Commanders and leaders
- Sebastián Hurtado de Corcuera: Sultan Muwallil Wasit Pangiran Salikula Sultan Nasir ud-Din

Strength
- About 2,000 troops ~1,500 Cebuano auxiliaries 500 Spanish troops 80 Ships: 4,000 troops from Jolo, Borneo, Makassar 1 Kuta (Fort) Unknown number of Dutch Navy vessels

= Spanish occupation of Jolo (1638) =

The Spanish occupation of Jolo or Battle of Jolo was a military expedition in the 1630s to pacify the Moro of the Sulu Sultanate. The expedition, personally led by Sebastian de Corcuera, the then Governor-General of the Spanish East Indies was a follow-up expedition to the earlier successful campaigns against the Maguindanao Sultanate under Sultan Qudarat. It was initially successful, partly due to an epidemic within the Sultan Wasit's fort early in the campaign, resulting in the Sulu forces retreating to Tawi-Tawi.
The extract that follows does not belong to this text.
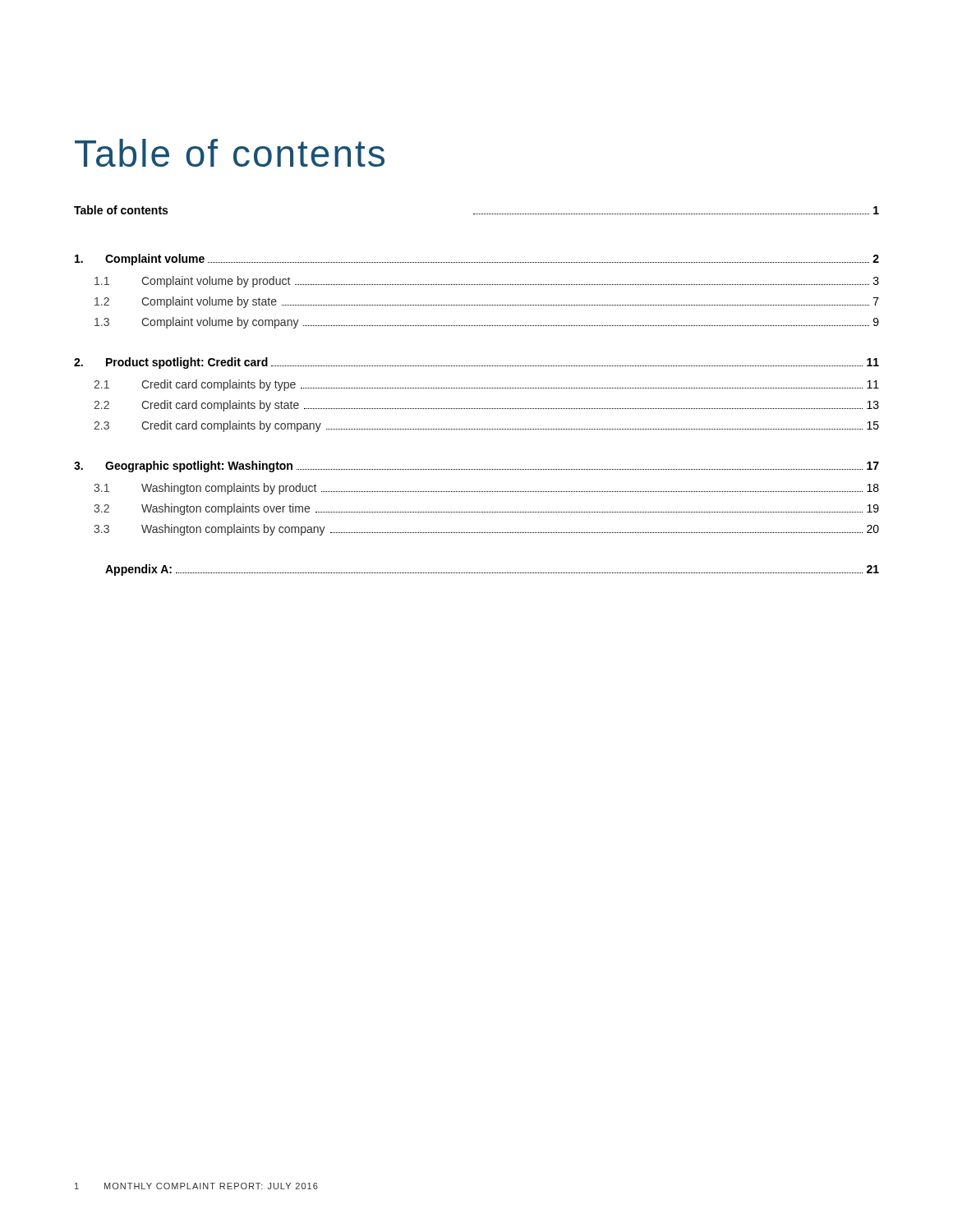Select the element starting "3.1 Washington complaints by"

point(476,488)

The occupation of Jolo also saw the installment of a short-lived Spanish garrison in the town. Later on, Sultan Wasit and Sultan Nasir ud-Din, who many believe to be Sultan Qudarat, began a series of expeditions against the Spaniards, successfully diminishing the garrison until they were called back to Manila in defense against a rumored attack by Chinese pirate Koxinga. After the occupation, a short period of peace followed, with no significant attacks made on Mindanao or Sulu. Corcuera's occupation was the first prolonged Spanish occupation of Jolo from 1638 to 1645.

== Background ==

The new Governor-General of the Philippines at the time, Governor Sebastian Hurtado de Corcuera intended to pacify the Moros of Mindanao once and for all, in order to consolidate and strengthen Spanish hold on the archipelago. This led to an initial Spanish invasion of Basilan, then known as Taguima, and a successful attack on Sultan Qudarat's base in Lamitan in 1636. Qudarat (sometimes spelled Kudarat) then focused on gathering support from the Maguindanao interior, regrouping for another attack, while dealing with the Spaniards diplomatically. After signing an agreement with Qudarat, a short interlude of 2 years occurred before Corcuera set out to Bauang, the then capital of the Sulu Sultanate, known to Spaniards as Jolo.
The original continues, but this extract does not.